• Goal of the exercise: Give the count of lines in the entries below that contain the string "whole", and only that count.

• Records shown:

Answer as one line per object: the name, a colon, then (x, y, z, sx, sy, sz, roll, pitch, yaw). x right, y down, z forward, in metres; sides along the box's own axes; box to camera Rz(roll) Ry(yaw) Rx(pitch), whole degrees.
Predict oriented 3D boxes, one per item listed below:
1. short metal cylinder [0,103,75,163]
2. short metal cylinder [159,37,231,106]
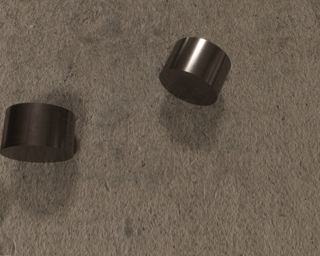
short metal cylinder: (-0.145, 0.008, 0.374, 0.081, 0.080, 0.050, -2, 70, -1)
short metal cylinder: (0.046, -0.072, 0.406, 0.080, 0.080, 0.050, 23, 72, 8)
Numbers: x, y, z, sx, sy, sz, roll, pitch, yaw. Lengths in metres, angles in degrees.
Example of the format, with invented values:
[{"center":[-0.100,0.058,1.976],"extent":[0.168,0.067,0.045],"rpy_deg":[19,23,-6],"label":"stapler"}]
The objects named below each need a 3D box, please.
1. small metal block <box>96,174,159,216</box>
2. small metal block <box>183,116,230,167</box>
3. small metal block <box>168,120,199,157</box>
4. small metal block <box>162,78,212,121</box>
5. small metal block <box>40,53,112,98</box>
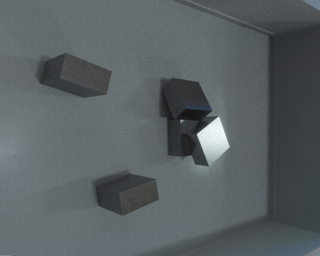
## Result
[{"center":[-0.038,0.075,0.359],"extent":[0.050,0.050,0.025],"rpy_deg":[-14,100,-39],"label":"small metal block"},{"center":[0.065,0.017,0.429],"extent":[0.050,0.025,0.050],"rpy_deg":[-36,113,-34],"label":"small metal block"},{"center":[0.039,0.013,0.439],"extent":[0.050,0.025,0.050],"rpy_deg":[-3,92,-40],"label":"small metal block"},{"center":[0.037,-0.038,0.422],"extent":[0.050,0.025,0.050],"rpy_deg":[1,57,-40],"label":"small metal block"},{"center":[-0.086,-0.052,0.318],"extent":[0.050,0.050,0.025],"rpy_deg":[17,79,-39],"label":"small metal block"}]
...
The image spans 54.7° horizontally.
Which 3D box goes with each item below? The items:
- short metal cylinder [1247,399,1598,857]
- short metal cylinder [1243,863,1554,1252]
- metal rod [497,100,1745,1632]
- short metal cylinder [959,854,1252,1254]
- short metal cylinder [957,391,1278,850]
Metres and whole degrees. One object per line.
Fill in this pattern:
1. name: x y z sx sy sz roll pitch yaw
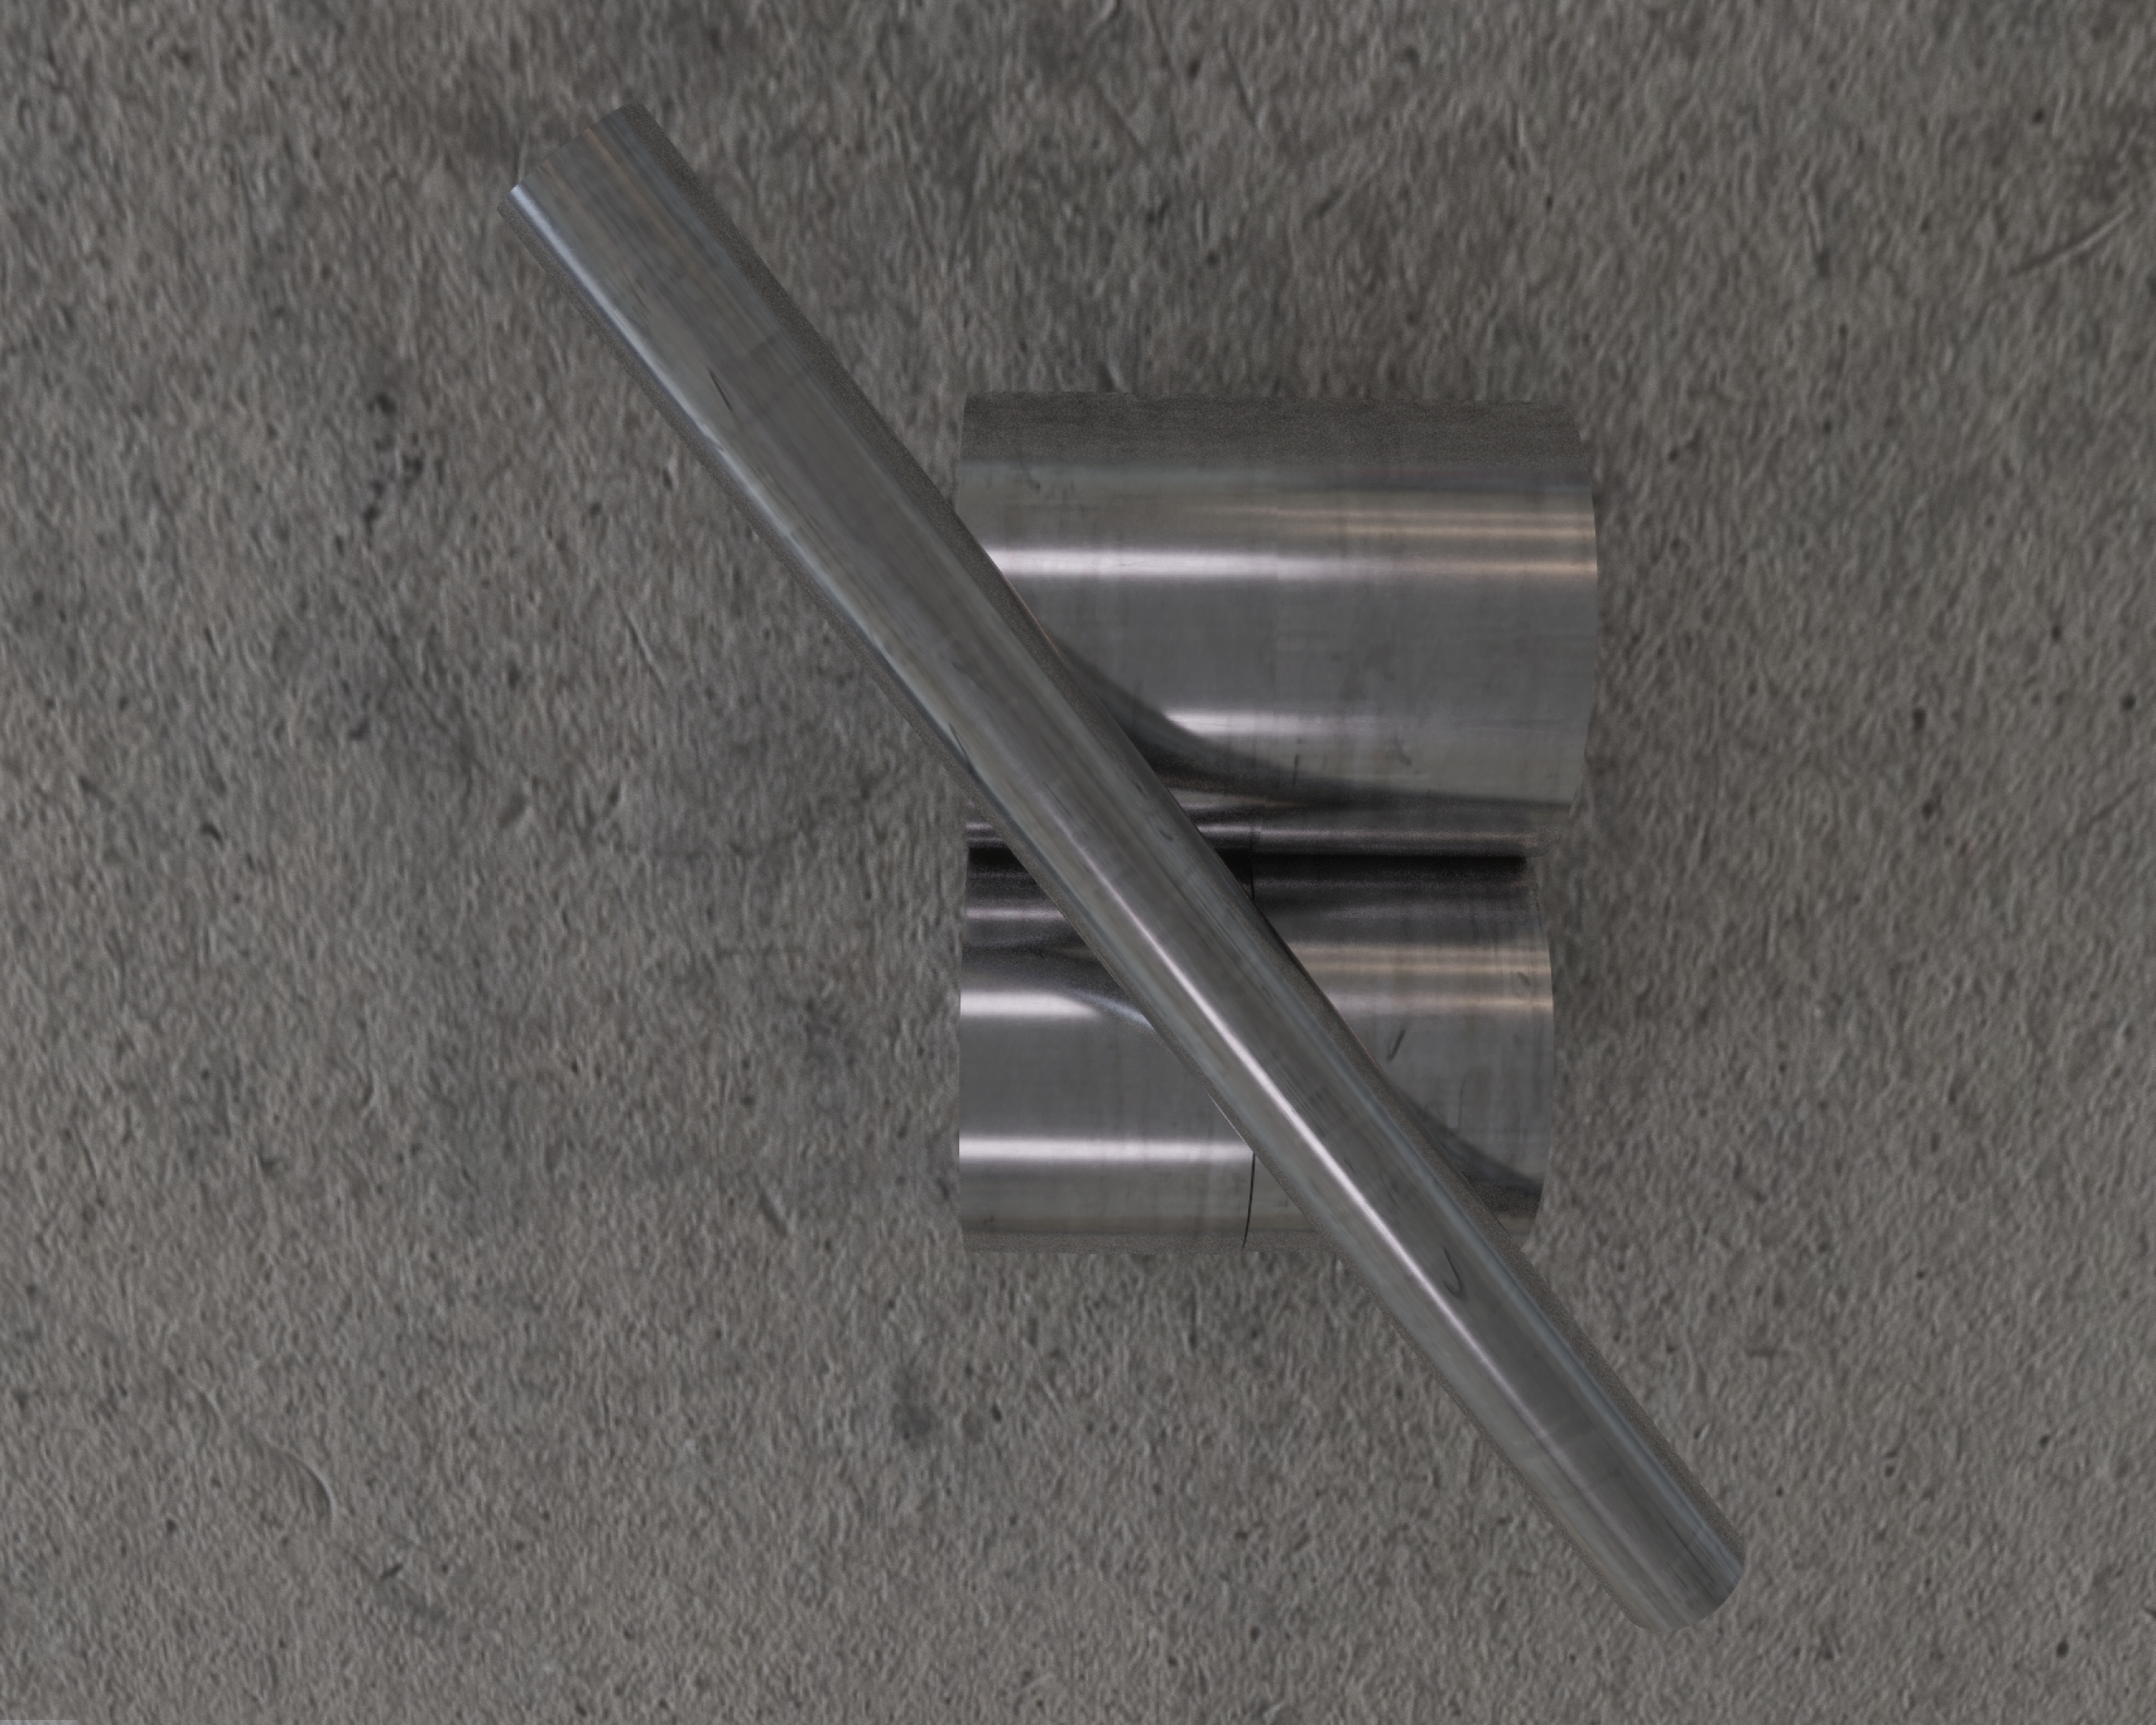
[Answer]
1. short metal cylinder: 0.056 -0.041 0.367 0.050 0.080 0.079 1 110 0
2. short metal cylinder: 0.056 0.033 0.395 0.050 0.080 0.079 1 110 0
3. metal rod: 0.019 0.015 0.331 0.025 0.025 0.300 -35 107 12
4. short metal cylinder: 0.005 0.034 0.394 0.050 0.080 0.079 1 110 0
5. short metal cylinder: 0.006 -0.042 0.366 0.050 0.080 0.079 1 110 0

• Result for this exercise: 2